23 de junio de 2025 a las 12:45
Descubre la caligrafía japonesa en el Museo Kaluz
Sumérjanse en la fascinante danza de tinta y papel que es la caligrafía japonesa, un arte milenario donde cada trazo es un susurro del alma. "Trazos de aliento. Caligrafía japonesa" no es simplemente una exposición, es una ventana a la profunda conexión entre técnica, filosofía y emoción que define el shodo. Imaginen la energía que emana de estas obras, creadas por manos de renombrados calígrafos, monjes budistas, maestros confucianos, poetas, pintores y hasta estadistas. Cada pieza, cuidadosamente seleccionada a lo largo de 40 años por el coleccionista estadounidense Terry Welch, nos invita a un diálogo íntimo entre lo visual y lo escrito.
El Museo Kaluz, en el corazón de la Ciudad de México, se convierte en el santuario de esta colección excepcional, como parte del programa “Mes de Japón”. Este espacio, bañado en la tenue luz que realza la belleza de los trazos, ofrece al público la oportunidad única de apreciar la delicadeza y la profundidad de la caligrafía japonesa. No se trata solo de admirar la estética de los caracteres, sino de sentir la vibración de la energía que transmiten, la armonía y la simplicidad que reflejan los valores esenciales de la cultura nipona.
Piensen en la historia que cada trazo cuenta.
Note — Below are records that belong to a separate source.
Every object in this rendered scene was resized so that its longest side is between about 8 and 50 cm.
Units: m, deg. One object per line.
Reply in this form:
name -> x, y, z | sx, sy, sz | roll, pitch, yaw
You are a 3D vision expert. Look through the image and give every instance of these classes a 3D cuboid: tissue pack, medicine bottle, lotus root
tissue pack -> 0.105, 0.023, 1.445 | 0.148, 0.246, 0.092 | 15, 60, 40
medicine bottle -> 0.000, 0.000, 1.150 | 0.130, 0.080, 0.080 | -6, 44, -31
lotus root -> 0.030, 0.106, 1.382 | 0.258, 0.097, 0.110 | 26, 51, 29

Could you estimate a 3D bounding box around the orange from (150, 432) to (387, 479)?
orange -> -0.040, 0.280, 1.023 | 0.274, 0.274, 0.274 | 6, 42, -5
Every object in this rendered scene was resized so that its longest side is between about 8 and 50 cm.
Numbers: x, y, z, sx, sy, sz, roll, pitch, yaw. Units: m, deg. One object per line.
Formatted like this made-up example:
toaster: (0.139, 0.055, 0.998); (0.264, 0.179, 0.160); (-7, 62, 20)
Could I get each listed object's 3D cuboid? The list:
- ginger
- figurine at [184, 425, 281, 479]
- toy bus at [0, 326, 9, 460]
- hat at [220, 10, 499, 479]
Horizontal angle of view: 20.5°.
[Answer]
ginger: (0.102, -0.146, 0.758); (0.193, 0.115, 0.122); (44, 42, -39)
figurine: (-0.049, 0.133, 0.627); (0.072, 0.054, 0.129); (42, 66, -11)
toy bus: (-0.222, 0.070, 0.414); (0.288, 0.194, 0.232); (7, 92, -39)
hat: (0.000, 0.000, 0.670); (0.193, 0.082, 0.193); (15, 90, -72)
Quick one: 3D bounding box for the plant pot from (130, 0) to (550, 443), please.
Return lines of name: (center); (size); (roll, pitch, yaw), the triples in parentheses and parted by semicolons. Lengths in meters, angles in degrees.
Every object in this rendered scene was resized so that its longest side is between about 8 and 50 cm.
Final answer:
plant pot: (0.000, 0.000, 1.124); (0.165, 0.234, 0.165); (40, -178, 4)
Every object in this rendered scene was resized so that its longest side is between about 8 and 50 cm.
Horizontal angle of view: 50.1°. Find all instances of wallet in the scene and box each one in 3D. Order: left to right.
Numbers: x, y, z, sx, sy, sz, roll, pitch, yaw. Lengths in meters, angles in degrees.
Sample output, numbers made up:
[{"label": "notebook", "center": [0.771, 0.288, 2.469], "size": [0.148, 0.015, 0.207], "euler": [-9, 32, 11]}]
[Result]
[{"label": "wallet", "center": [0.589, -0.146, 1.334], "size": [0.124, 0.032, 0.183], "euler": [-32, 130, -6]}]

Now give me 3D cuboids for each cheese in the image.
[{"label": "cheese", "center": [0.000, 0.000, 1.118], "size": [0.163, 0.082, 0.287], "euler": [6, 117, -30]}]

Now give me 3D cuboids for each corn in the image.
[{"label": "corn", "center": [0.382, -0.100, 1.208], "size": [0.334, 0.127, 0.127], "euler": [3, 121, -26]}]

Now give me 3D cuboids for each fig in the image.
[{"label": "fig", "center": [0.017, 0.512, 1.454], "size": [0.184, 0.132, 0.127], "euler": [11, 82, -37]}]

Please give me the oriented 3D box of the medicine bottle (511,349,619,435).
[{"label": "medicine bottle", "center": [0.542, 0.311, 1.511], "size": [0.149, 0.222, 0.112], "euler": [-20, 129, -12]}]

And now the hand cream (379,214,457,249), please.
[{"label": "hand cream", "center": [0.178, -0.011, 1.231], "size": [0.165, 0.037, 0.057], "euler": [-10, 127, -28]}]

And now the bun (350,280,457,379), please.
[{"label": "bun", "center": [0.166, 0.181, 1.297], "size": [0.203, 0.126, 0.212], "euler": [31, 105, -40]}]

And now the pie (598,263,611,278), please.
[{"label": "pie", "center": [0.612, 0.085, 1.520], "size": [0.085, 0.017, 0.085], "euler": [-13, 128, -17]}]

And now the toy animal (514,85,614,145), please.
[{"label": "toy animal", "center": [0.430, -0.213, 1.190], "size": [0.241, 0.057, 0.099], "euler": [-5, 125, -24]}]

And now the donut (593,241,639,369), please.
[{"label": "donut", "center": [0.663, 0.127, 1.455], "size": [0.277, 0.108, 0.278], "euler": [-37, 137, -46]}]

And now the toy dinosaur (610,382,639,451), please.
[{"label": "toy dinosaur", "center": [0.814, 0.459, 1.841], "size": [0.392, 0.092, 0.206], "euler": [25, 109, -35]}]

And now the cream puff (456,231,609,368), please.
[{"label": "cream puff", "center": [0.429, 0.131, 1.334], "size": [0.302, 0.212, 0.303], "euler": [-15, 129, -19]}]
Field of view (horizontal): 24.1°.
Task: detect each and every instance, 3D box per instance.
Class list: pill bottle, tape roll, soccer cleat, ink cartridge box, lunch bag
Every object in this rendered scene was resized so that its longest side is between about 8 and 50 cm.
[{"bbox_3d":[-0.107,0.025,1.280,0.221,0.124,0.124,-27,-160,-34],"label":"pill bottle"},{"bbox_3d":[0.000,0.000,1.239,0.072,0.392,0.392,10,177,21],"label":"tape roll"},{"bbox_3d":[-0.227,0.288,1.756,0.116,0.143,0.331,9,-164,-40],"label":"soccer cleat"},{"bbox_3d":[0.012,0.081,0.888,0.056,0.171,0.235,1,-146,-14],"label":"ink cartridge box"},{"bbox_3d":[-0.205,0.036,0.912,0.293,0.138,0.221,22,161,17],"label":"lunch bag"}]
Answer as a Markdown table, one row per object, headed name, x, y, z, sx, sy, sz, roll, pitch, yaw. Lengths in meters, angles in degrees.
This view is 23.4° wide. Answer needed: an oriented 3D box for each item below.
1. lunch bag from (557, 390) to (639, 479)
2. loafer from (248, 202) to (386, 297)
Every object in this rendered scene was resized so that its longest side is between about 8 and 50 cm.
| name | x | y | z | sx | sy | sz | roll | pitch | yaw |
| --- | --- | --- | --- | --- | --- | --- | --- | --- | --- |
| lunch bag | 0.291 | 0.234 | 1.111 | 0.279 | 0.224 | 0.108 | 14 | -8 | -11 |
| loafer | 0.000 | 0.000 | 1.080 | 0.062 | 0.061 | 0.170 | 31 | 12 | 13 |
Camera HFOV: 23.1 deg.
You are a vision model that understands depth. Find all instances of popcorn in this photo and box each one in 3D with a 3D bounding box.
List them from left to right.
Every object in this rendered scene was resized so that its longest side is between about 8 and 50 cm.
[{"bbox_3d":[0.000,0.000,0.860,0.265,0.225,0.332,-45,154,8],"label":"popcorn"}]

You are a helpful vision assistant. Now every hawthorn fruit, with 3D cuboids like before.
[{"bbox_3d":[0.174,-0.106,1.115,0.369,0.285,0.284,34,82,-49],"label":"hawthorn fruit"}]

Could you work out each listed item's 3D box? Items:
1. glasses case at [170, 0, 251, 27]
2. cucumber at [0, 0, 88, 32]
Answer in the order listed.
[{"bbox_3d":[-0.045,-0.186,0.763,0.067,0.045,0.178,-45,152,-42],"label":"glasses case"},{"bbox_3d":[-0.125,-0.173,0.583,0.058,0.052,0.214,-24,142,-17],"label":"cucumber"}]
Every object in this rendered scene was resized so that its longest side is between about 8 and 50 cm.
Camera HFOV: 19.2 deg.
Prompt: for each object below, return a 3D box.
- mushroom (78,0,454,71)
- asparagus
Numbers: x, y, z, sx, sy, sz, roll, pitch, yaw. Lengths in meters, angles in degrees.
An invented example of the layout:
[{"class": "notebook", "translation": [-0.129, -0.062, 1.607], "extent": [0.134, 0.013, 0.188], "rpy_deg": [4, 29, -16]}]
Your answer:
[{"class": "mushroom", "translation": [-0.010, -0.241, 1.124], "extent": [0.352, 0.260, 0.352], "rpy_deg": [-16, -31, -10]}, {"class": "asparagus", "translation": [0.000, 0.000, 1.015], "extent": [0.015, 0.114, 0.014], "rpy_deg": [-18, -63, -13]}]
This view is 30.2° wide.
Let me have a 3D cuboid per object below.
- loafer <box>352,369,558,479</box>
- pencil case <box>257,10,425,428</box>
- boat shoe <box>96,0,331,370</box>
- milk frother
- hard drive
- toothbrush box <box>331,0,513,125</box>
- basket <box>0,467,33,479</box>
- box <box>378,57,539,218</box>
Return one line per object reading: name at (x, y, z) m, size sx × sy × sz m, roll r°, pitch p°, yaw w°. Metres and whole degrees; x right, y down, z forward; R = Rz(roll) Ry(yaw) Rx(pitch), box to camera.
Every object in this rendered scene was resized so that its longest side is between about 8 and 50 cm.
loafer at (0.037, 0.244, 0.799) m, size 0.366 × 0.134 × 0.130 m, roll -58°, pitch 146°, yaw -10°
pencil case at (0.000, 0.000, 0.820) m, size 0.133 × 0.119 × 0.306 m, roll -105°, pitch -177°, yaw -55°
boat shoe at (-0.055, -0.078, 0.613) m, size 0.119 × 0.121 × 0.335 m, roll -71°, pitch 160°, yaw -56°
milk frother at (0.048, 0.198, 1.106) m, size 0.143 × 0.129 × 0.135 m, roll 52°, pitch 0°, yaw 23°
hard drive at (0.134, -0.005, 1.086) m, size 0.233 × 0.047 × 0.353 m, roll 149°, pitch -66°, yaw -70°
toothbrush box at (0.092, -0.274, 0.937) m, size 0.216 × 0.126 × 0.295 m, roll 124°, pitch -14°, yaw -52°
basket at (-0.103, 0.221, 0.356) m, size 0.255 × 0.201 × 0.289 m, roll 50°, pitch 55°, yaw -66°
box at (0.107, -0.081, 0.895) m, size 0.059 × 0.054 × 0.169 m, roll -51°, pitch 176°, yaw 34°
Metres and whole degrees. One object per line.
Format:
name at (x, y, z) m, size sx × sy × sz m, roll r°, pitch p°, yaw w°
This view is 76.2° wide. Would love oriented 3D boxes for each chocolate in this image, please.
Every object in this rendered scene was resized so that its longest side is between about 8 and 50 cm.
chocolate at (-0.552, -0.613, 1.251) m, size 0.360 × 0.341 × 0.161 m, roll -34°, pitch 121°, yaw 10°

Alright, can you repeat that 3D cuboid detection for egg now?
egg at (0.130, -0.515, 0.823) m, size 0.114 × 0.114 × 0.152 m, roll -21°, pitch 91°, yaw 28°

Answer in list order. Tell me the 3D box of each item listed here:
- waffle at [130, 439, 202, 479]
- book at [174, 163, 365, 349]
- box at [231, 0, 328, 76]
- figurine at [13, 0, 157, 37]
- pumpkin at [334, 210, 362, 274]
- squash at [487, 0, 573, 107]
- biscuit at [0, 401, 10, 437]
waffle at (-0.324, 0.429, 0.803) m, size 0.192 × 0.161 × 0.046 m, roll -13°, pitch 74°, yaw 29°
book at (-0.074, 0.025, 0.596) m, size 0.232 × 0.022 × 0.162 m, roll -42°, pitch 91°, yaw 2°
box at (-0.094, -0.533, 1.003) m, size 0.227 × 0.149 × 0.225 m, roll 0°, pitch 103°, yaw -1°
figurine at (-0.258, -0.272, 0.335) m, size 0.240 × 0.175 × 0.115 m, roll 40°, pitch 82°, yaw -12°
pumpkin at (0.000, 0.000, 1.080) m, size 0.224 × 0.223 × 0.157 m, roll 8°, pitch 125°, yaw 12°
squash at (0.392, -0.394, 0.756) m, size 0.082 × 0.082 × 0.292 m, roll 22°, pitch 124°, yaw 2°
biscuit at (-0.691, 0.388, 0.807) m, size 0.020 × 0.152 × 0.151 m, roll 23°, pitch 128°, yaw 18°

Algunas de estas obras ya han recorrido otros museos en México y Estados Unidos, compartiendo su silencioso mensaje de belleza. Sin embargo, "Trazos de aliento" nos regala un tesoro aún mayor: la presentación por primera vez al público de 24 obras, elaboradas entre los siglos XVII y XX. Estas piezas, ahora parte del acervo definitivo de arte japonés del Museo Kaluz, enriquecen el legado cultural que este recinto preserva con tanta dedicación.
La experiencia va más allá de la simple observación. Es una invitación a la reflexión, a un viaje sensorial a través de los diferentes recorridos que componen la exposición. Antonio del Valle, fundador del museo y también coleccionista, describe la larga búsqueda de un espacio idóneo para albergar la colección de Terry Welch, un espacio que finalmente encontró en México, en el Museo Kaluz. Un hogar donde la obra de Welch puede respirar y dialogar con el público.
Blanca del Valle, presidenta del museo, nos anima a detenernos en los detalles. A observar la cuidada curaduría, la iluminación que acaricia cada trazo, la museografía que crea un ambiente de serena contemplación. Nos recuerda la importancia de esta exposición, la primera de caligrafía histórica japonesa en el país, convirtiéndose en la más importante de México y Latinoamérica. Un homenaje, en sus palabras, a la visión, dedicación y profundo respeto de Terry Welch por las culturas japonesa y mexicana.
Para Welch, la exposición representa la culminación de un sueño: unir dos civilizaciones que han transformado su vida. Y aunque la muestra presenta solo una veintena de piezas, de las más de 300 que conforman su colección, cada una de ellas es una joya que nos conecta con la esencia del arte japonés. La inauguración, enmarcada por la emotiva interpretación de la pieza Nanu No Yoichi en Satsuma-biwa, un instrumento musical tradicional japonés, a cargo de la compositora y vocalista Yuuka Yamana, añadió un toque de magia a la velada, creando una atmósfera de profunda conexión con la cultura japonesa. "Trazos de aliento" es, sin duda, una experiencia imperdible que nos invita a descubrir la poesía visual de la caligrafía japonesa.